Now the reason why we call this a stem lattice should be clear. In the middle there's the primitive tower (K₀, K₁, ..., K_n), in the sense of [DFS '09, Section 3], which we call the stem. The stem is organized in levels, each level being an extension of degree p over the lower one (with the only possible exception of the extension K₀/F_p). At each level, a set of fields all isomorphic to that level forms the spurs.

The methods Field::subField(), Field::overField(), Field::baseField(), Field::primeField() and Field::stemField() let you navigate field lattices.

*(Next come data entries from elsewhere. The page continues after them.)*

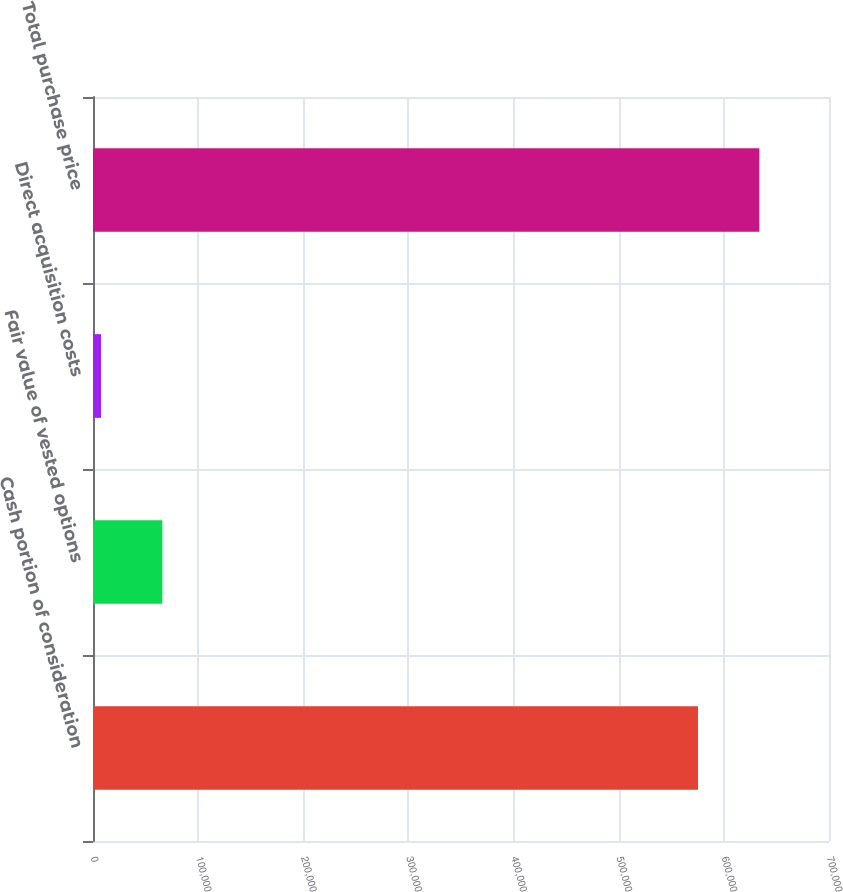Convert chart. <chart><loc_0><loc_0><loc_500><loc_500><bar_chart><fcel>Cash portion of consideration<fcel>Fair value of vested options<fcel>Direct acquisition costs<fcel>Total purchase price<nl><fcel>575400<fcel>65950<fcel>7600<fcel>633750<nl></chart> 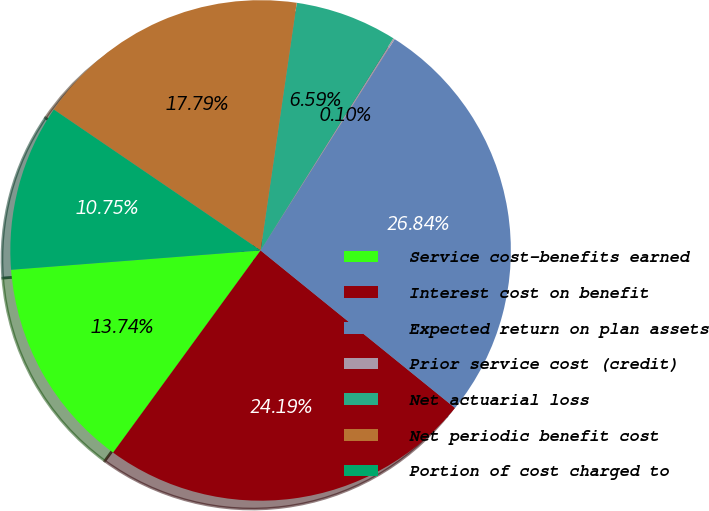<chart> <loc_0><loc_0><loc_500><loc_500><pie_chart><fcel>Service cost-benefits earned<fcel>Interest cost on benefit<fcel>Expected return on plan assets<fcel>Prior service cost (credit)<fcel>Net actuarial loss<fcel>Net periodic benefit cost<fcel>Portion of cost charged to<nl><fcel>13.74%<fcel>24.19%<fcel>26.84%<fcel>0.1%<fcel>6.59%<fcel>17.79%<fcel>10.75%<nl></chart> 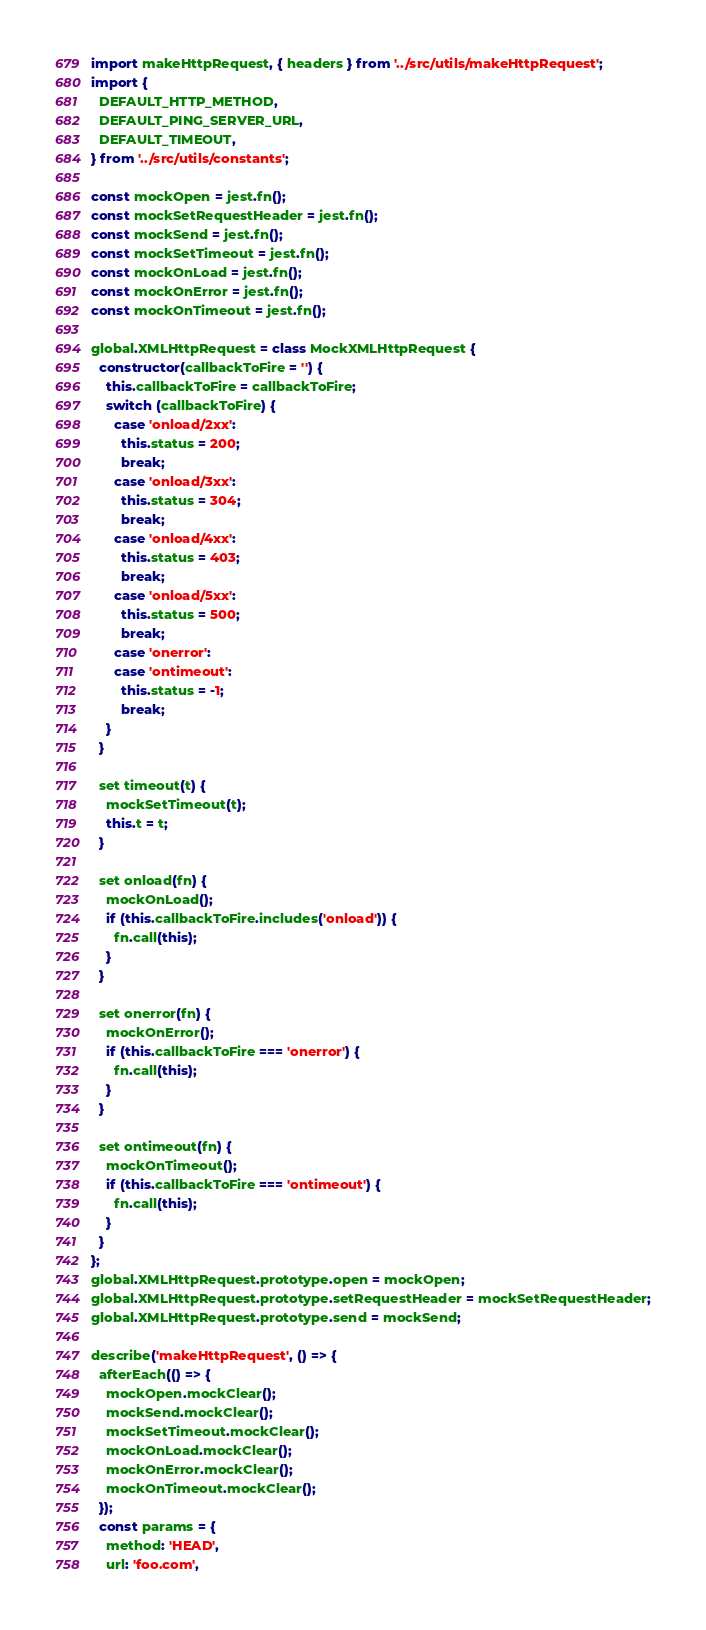Convert code to text. <code><loc_0><loc_0><loc_500><loc_500><_JavaScript_>import makeHttpRequest, { headers } from '../src/utils/makeHttpRequest';
import {
  DEFAULT_HTTP_METHOD,
  DEFAULT_PING_SERVER_URL,
  DEFAULT_TIMEOUT,
} from '../src/utils/constants';

const mockOpen = jest.fn();
const mockSetRequestHeader = jest.fn();
const mockSend = jest.fn();
const mockSetTimeout = jest.fn();
const mockOnLoad = jest.fn();
const mockOnError = jest.fn();
const mockOnTimeout = jest.fn();

global.XMLHttpRequest = class MockXMLHttpRequest {
  constructor(callbackToFire = '') {
    this.callbackToFire = callbackToFire;
    switch (callbackToFire) {
      case 'onload/2xx':
        this.status = 200;
        break;
      case 'onload/3xx':
        this.status = 304;
        break;
      case 'onload/4xx':
        this.status = 403;
        break;
      case 'onload/5xx':
        this.status = 500;
        break;
      case 'onerror':
      case 'ontimeout':
        this.status = -1;
        break;
    }
  }

  set timeout(t) {
    mockSetTimeout(t);
    this.t = t;
  }

  set onload(fn) {
    mockOnLoad();
    if (this.callbackToFire.includes('onload')) {
      fn.call(this);
    }
  }

  set onerror(fn) {
    mockOnError();
    if (this.callbackToFire === 'onerror') {
      fn.call(this);
    }
  }

  set ontimeout(fn) {
    mockOnTimeout();
    if (this.callbackToFire === 'ontimeout') {
      fn.call(this);
    }
  }
};
global.XMLHttpRequest.prototype.open = mockOpen;
global.XMLHttpRequest.prototype.setRequestHeader = mockSetRequestHeader;
global.XMLHttpRequest.prototype.send = mockSend;

describe('makeHttpRequest', () => {
  afterEach(() => {
    mockOpen.mockClear();
    mockSend.mockClear();
    mockSetTimeout.mockClear();
    mockOnLoad.mockClear();
    mockOnError.mockClear();
    mockOnTimeout.mockClear();
  });
  const params = {
    method: 'HEAD',
    url: 'foo.com',</code>

Coercion operators (see FieldElement and FieldPolynomial) let you move elements from one field to the other, provided that the element belongs to both fields. So for example you can move elements from K₀ or M₁ to L₁, but it will not always be possible to move an element from K₂ to K₁. For example, coercion from K₀ to K₁ is as easy as

e0 = K0.random();

e1 = e0 >> K1;

In case a coercion is not possible, an IllegalCoercionException is issued.

Another way of moving around in field lattices is to use the vector space morphisms between the levels of the lattice. The functions pushDown() and liftUp() let you express the morphism between two adjacent levels of the stem, while Field::toBivariate() and Field::toUnivariate() let you express the morphisms between to arbitrary spurs in two adjacent levels. Notice that there is no need to know what the order of the calls to Field::ArtinSchreierExtension() was in order to apply these methods: any field of a level can be considered as an Artin-Schreier extension over any other field in the lower level.

Exceptions

See the Exceptions module for a list of all the exceptions thrown by methods and functions of this library.